正位的少女閉目,並不理會,素白纖長的手指輕輕叩著坐褥,不緊不慢,姿態閒適。
這徐鶴引徐鶴引先生是薛大公子的幕僚,才情名動汴京,隻可惜身子弱,習不得武,也不過勉強學了些、能騎個馬而己。
此番赴南城上任,徐鶴引本不必跟來,偏偏南城有位從雲先生,才高八鬥,惹得徐先生起了好鬥之心。
愣是要隨薛景止一同赴南城,與此人會晤方可。
薛蘊儀素與徐鶴引交好,此番能有摯友同行,自然也不會拒絕。
更遑論,徐鶴引此一來,她行事更為方便。
畢竟總要有位大家為她開路,才能方便她收攏那些腐儒。
車馬內安然一片,薛蘊儀手中把玩著一塊玉玨,拂綠烹茶,染青焚香。
馬兒嘶鳴聲迫近,拂綠微微撩起竹簾子,入目處是油光水滑的赤棕色皮毛,時隱時現的半袂天青。
“鶴引不妨暢言。”
蘊儀自六歲便結識了彼時不過十一,卻己憑著幾首詞賦名揚汴京的徐大家,自然十分瞭解這位友人。
此番故意多嘴,不過是路上無趣。
車馬有點顛簸,拂綠一時不察叫那簾子自手中跌落,天青色逝而無蹤,卻透來那青年低柔嗓音:“蘊儀分明知道。”
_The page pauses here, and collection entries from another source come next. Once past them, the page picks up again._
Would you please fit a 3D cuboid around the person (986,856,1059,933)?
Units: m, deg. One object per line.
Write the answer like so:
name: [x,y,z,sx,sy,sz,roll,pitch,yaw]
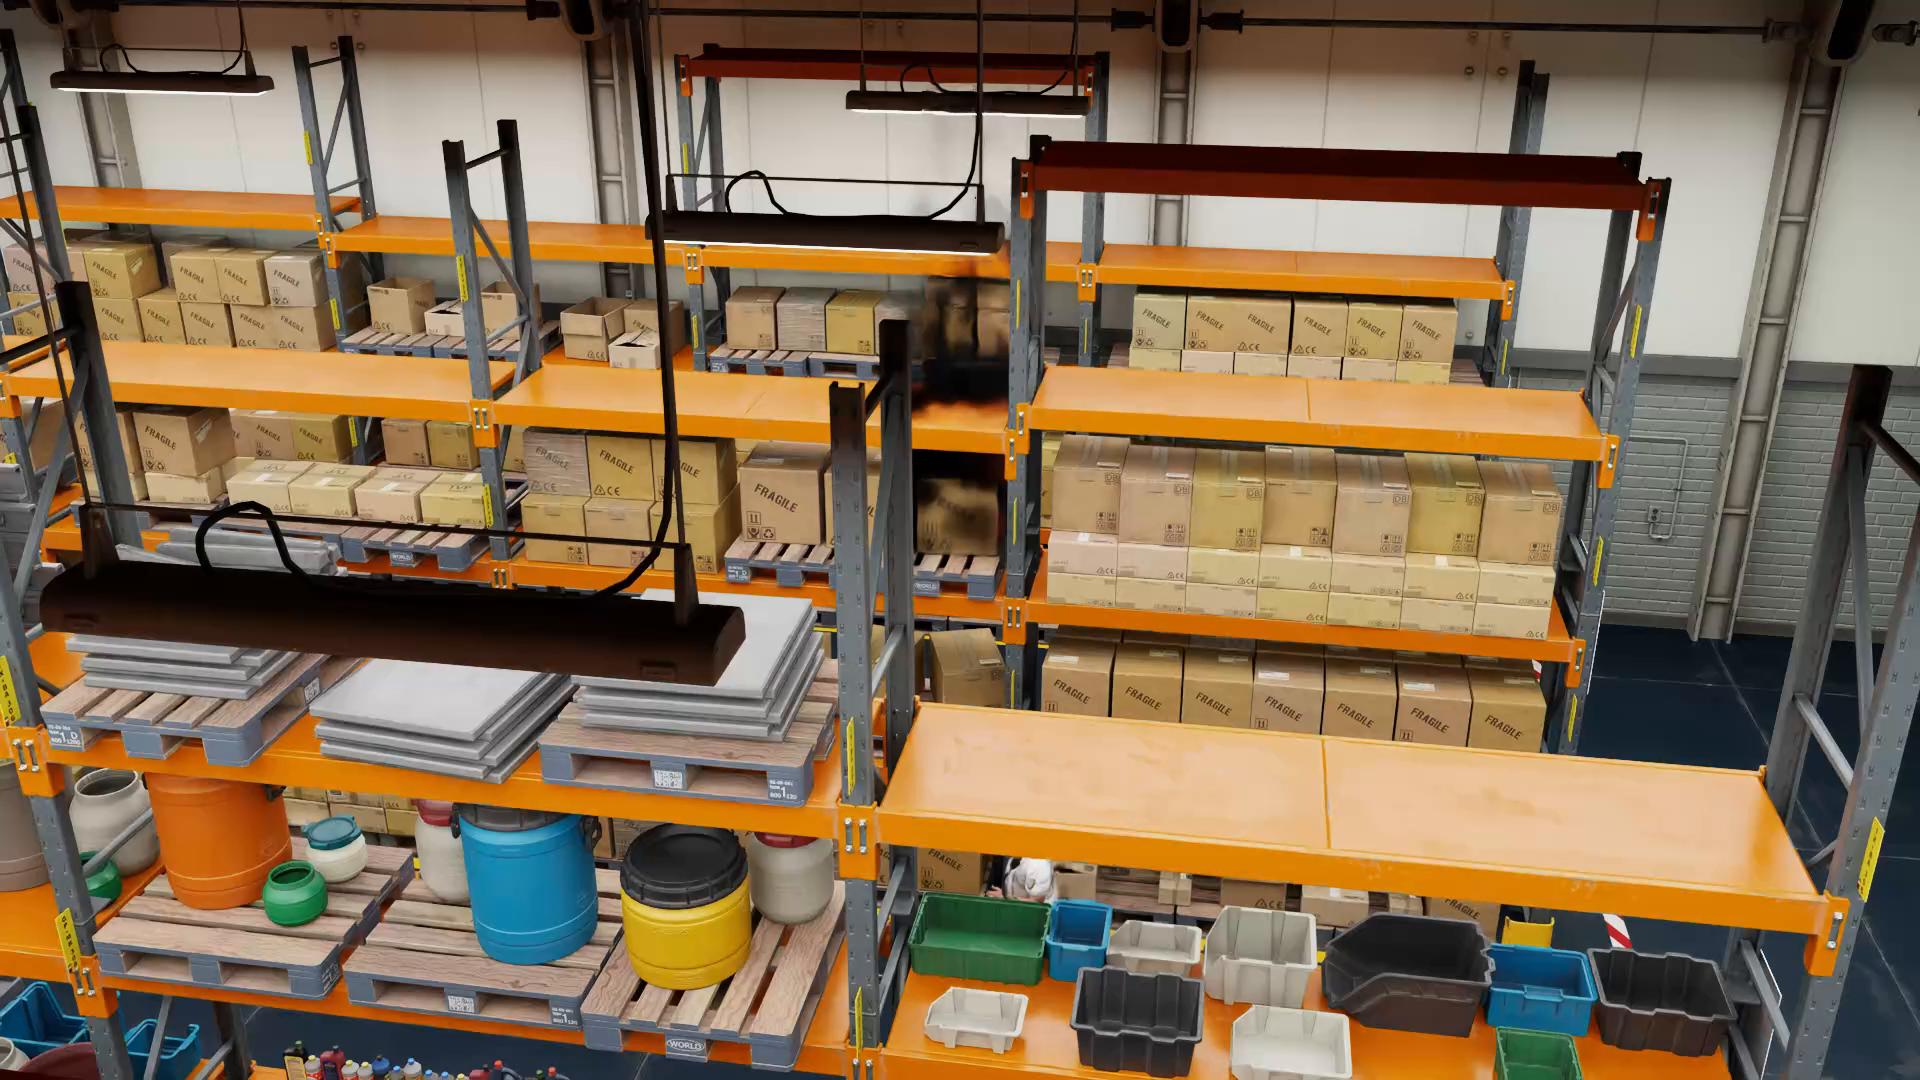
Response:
person: [0.421,2.520,11.401,0.904,1.751,0.693,2,23,5]
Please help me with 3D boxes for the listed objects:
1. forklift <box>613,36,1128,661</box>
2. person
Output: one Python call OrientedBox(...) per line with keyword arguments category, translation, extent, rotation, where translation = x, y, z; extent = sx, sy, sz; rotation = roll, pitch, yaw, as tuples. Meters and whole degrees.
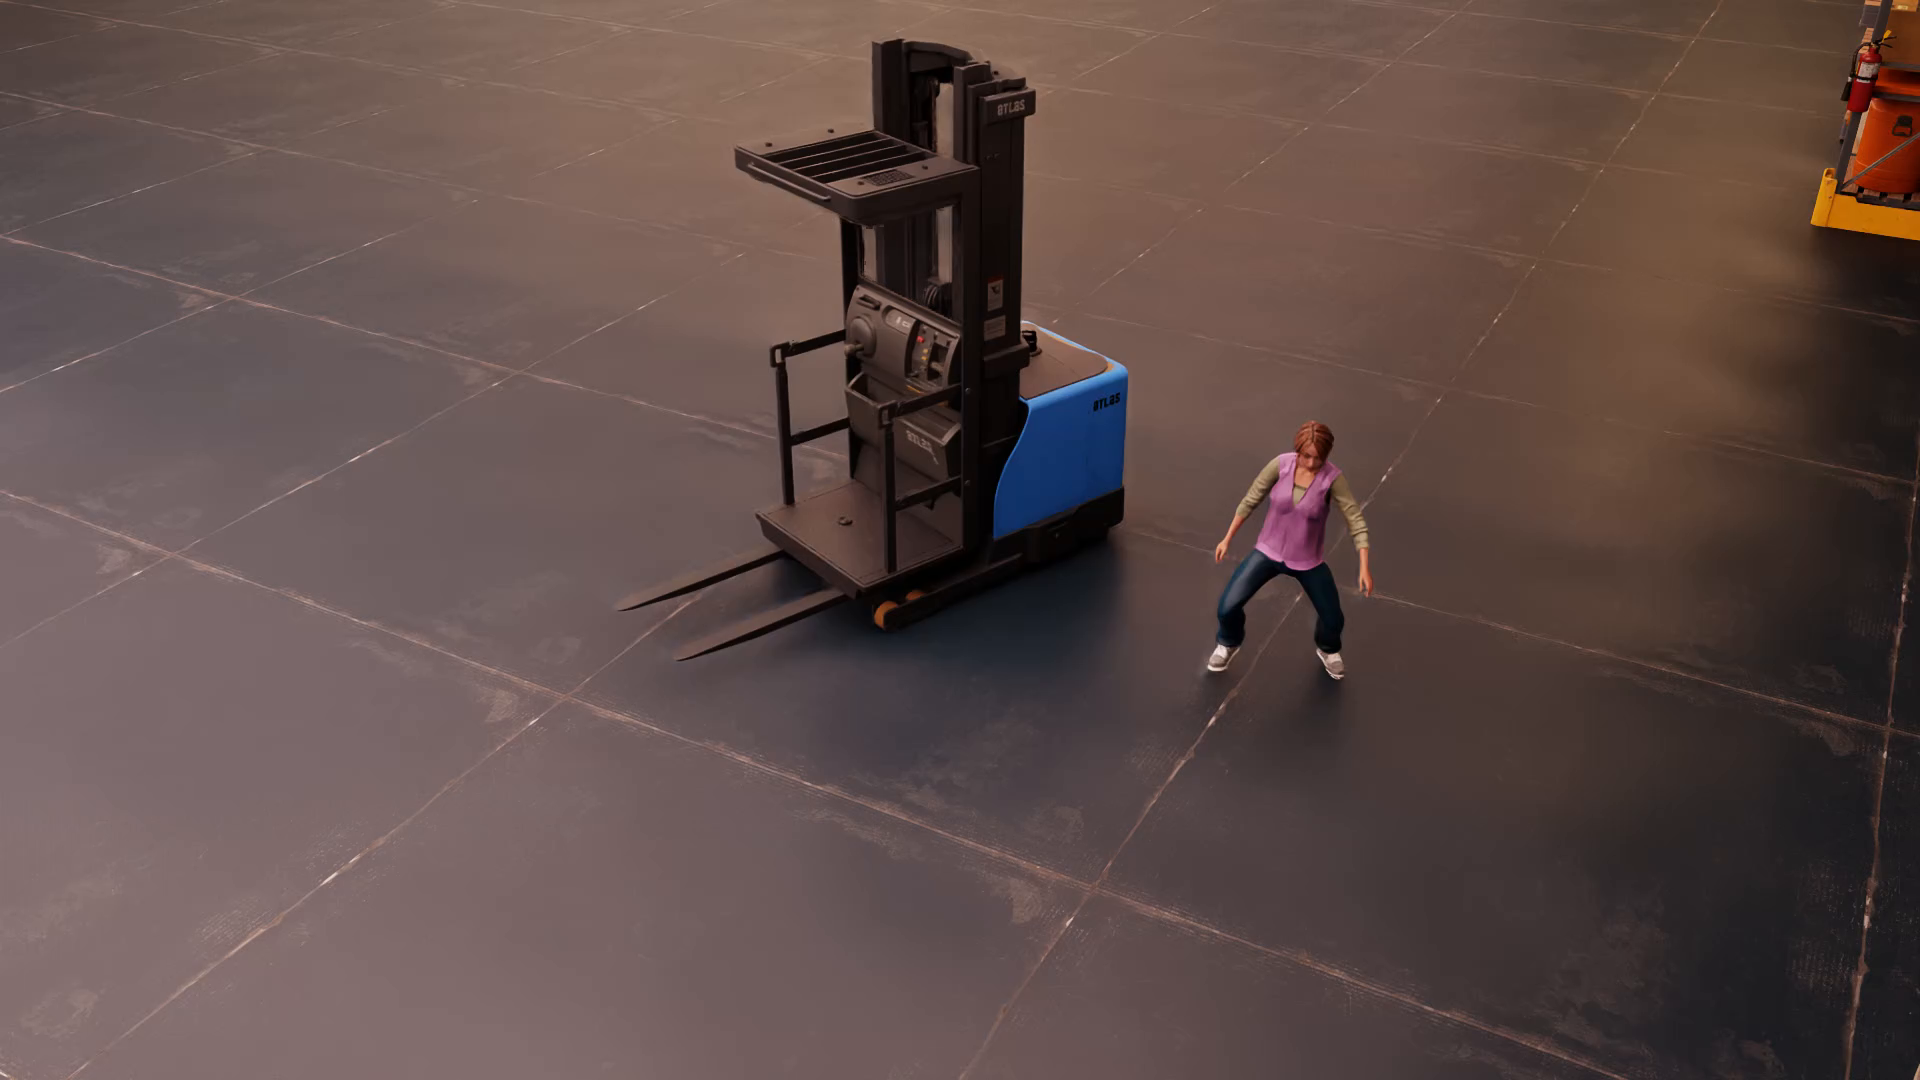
OrientedBox(category="forklift", translation=(-0.479, -1.064, 8.914), extent=(3.031, 2.935, 1.130), rotation=(-22, 37, -33))
OrientedBox(category="person", translation=(1.706, 0.081, 8.415), extent=(0.811, 1.481, 0.607), rotation=(11, 32, 18))

少女微微一笑,倒也不去捉弄他,吩咐染青記得尋一封印了族徽的燙金帖子予他。
徐鶴引笑著謝過,又提一事:“公子再三道,方家不止是商戶,囑你莫傷了情分。”
他控著馬隨著馬車而行,靜候著車馬內的答語,隻是後頭載了輜重的牛車動靜實在有些大了,薛蘊儀的聲音被牛的哞哞聲掩去了。
車馬內,蘊儀唇齒間嚼了幾遍“傷了情分”,恍然一笑。
情分嗎?
從不來往的人家,卻要攀什麼情分。
不過蘊儀可不大願意順了她父親的意,俯身自小桌抽屜夾層裡捏出一封信箋來。
拂綠接過信箋,掀了簾子往外頭張望,悄悄兒遞予他。
“鶴引快些回馬車裡罷,莫在風頭上吹壞了。”
被蘊儀說的竟似個燭芯子一般風吹就滅。
徐鶴引聽罷隻是笑了一笑,也不與她爭辯。
便順了她的意回去細細看那信箋,封上落了薛氏族徽,裡頭大意卻是拜會周氏的,看起來他們是得在廬江耽擱兩日了。
徐鶴引揮手召了薛家護衛薛良來,“姑娘吩咐,去廬江周府拜會周大公子。”
後頭車馬裡,染青一如既往地沉默,拂綠想問,卻又礙著染青不敢開口。
蘊儀冇有答疑解惑的意思,隻是傳了令叫車隊加速,這般趕了半日路也便到了廬江縣。
一行人安頓在驛站裡頭,徐鶴引遣了薛良親往周氏族長府上遞帖子。
薛蘊儀留了染青在驛站收拾,帶著拂綠悄悄兒去了廬江縣最東頭的一座小院兒。